- [What you will do]: Repeat every record below exactly as it appears.

- [Available data]:

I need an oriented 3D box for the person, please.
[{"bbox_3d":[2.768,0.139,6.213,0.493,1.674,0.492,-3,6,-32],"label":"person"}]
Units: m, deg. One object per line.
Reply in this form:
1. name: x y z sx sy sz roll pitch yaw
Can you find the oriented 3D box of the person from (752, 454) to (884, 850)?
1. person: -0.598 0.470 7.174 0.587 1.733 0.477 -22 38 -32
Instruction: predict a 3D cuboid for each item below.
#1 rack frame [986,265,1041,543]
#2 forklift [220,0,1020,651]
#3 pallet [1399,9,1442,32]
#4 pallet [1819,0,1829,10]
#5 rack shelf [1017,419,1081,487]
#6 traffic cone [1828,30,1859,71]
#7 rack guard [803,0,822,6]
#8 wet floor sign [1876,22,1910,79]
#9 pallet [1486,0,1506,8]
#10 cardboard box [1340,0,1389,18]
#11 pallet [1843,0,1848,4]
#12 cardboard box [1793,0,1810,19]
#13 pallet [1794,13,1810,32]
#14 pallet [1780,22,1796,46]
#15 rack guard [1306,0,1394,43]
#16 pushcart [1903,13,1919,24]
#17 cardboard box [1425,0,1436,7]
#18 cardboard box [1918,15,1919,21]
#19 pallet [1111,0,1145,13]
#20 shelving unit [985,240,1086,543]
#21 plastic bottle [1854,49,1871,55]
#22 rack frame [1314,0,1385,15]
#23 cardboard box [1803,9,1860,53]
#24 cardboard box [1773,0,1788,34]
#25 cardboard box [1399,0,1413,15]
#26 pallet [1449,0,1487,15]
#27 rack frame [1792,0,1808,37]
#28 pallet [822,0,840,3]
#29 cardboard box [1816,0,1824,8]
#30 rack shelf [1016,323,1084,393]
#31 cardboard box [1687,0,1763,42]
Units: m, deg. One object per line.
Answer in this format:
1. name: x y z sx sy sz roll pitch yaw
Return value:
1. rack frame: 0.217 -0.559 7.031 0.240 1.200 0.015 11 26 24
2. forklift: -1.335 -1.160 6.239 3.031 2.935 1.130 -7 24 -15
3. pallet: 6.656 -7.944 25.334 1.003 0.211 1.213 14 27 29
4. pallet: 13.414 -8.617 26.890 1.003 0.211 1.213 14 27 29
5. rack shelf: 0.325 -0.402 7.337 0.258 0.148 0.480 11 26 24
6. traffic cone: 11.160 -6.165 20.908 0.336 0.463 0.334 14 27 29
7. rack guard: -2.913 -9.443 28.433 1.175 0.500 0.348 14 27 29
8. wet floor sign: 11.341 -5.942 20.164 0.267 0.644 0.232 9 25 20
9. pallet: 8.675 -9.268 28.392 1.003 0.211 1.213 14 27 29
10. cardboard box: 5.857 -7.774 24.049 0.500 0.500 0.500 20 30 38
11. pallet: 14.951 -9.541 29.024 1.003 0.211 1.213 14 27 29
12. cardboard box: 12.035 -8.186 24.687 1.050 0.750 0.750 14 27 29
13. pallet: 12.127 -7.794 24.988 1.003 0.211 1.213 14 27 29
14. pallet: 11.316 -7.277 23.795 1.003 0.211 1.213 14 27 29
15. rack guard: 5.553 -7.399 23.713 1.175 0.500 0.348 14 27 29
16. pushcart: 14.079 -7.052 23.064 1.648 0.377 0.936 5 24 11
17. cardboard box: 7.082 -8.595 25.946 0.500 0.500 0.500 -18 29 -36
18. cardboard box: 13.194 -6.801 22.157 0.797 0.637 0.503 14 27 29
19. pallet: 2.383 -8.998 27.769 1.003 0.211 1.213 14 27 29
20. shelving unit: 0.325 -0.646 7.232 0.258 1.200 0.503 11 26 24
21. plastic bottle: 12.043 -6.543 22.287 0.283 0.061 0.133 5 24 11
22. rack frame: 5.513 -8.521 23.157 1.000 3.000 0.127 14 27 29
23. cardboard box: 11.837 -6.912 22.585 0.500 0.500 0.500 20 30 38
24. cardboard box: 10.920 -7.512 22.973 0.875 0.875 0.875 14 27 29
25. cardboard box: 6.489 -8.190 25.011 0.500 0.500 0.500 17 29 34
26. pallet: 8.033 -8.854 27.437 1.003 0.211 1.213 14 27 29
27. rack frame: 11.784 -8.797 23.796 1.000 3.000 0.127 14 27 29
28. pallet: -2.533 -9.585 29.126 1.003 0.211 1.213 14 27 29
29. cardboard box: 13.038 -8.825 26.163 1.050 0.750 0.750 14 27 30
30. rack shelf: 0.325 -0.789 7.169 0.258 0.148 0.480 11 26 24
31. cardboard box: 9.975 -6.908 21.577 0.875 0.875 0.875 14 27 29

- [Solution to this exercise]:
I need an oriented 3D box for the person, please.
[{"bbox_3d":[2.768,0.139,6.213,0.493,1.674,0.492,-3,6,-32],"label":"person"}]
Units: m, deg. One object per line.
Reply in this form:
1. name: x y z sx sy sz roll pitch yaw
Can you find the oriented 3D box of the person from (752, 454) to (884, 850)?
1. person: -0.598 0.470 7.174 0.587 1.733 0.477 -22 38 -32
Instruction: predict a 3D cuboid for each item below.
#1 rack frame [986,265,1041,543]
#2 forklift [220,0,1020,651]
#3 pallet [1399,9,1442,32]
#4 pallet [1819,0,1829,10]
#5 rack shelf [1017,419,1081,487]
#6 traffic cone [1828,30,1859,71]
#7 rack guard [803,0,822,6]
#8 wet floor sign [1876,22,1910,79]
#9 pallet [1486,0,1506,8]
#10 cardboard box [1340,0,1389,18]
#11 pallet [1843,0,1848,4]
#12 cardboard box [1793,0,1810,19]
#13 pallet [1794,13,1810,32]
#14 pallet [1780,22,1796,46]
#15 rack guard [1306,0,1394,43]
#16 pushcart [1903,13,1919,24]
#17 cardboard box [1425,0,1436,7]
#18 cardboard box [1918,15,1919,21]
#19 pallet [1111,0,1145,13]
#20 shelving unit [985,240,1086,543]
#21 plastic bottle [1854,49,1871,55]
#22 rack frame [1314,0,1385,15]
#23 cardboard box [1803,9,1860,53]
#24 cardboard box [1773,0,1788,34]
#25 cardboard box [1399,0,1413,15]
#26 pallet [1449,0,1487,15]
#27 rack frame [1792,0,1808,37]
#28 pallet [822,0,840,3]
#29 cardboard box [1816,0,1824,8]
#30 rack shelf [1016,323,1084,393]
#31 cardboard box [1687,0,1763,42]
Units: m, deg. One object per line.
Answer in this format:
1. name: x y z sx sy sz roll pitch yaw
Return value:
1. rack frame: 0.217 -0.559 7.031 0.240 1.200 0.015 11 26 24
2. forklift: -1.335 -1.160 6.239 3.031 2.935 1.130 -7 24 -15
3. pallet: 6.656 -7.944 25.334 1.003 0.211 1.213 14 27 29
4. pallet: 13.414 -8.617 26.890 1.003 0.211 1.213 14 27 29
5. rack shelf: 0.325 -0.402 7.337 0.258 0.148 0.480 11 26 24
6. traffic cone: 11.160 -6.165 20.908 0.336 0.463 0.334 14 27 29
7. rack guard: -2.913 -9.443 28.433 1.175 0.500 0.348 14 27 29
8. wet floor sign: 11.341 -5.942 20.164 0.267 0.644 0.232 9 25 20
9. pallet: 8.675 -9.268 28.392 1.003 0.211 1.213 14 27 29
10. cardboard box: 5.857 -7.774 24.049 0.500 0.500 0.500 20 30 38
11. pallet: 14.951 -9.541 29.024 1.003 0.211 1.213 14 27 29
12. cardboard box: 12.035 -8.186 24.687 1.050 0.750 0.750 14 27 29
13. pallet: 12.127 -7.794 24.988 1.003 0.211 1.213 14 27 29
14. pallet: 11.316 -7.277 23.795 1.003 0.211 1.213 14 27 29
15. rack guard: 5.553 -7.399 23.713 1.175 0.500 0.348 14 27 29
16. pushcart: 14.079 -7.052 23.064 1.648 0.377 0.936 5 24 11
17. cardboard box: 7.082 -8.595 25.946 0.500 0.500 0.500 -18 29 -36
18. cardboard box: 13.194 -6.801 22.157 0.797 0.637 0.503 14 27 29
19. pallet: 2.383 -8.998 27.769 1.003 0.211 1.213 14 27 29
20. shelving unit: 0.325 -0.646 7.232 0.258 1.200 0.503 11 26 24
21. plastic bottle: 12.043 -6.543 22.287 0.283 0.061 0.133 5 24 11
22. rack frame: 5.513 -8.521 23.157 1.000 3.000 0.127 14 27 29
23. cardboard box: 11.837 -6.912 22.585 0.500 0.500 0.500 20 30 38
24. cardboard box: 10.920 -7.512 22.973 0.875 0.875 0.875 14 27 29
25. cardboard box: 6.489 -8.190 25.011 0.500 0.500 0.500 17 29 34
26. pallet: 8.033 -8.854 27.437 1.003 0.211 1.213 14 27 29
27. rack frame: 11.784 -8.797 23.796 1.000 3.000 0.127 14 27 29
28. pallet: -2.533 -9.585 29.126 1.003 0.211 1.213 14 27 29
29. cardboard box: 13.038 -8.825 26.163 1.050 0.750 0.750 14 27 30
30. rack shelf: 0.325 -0.789 7.169 0.258 0.148 0.480 11 26 24
31. cardboard box: 9.975 -6.908 21.577 0.875 0.875 0.875 14 27 29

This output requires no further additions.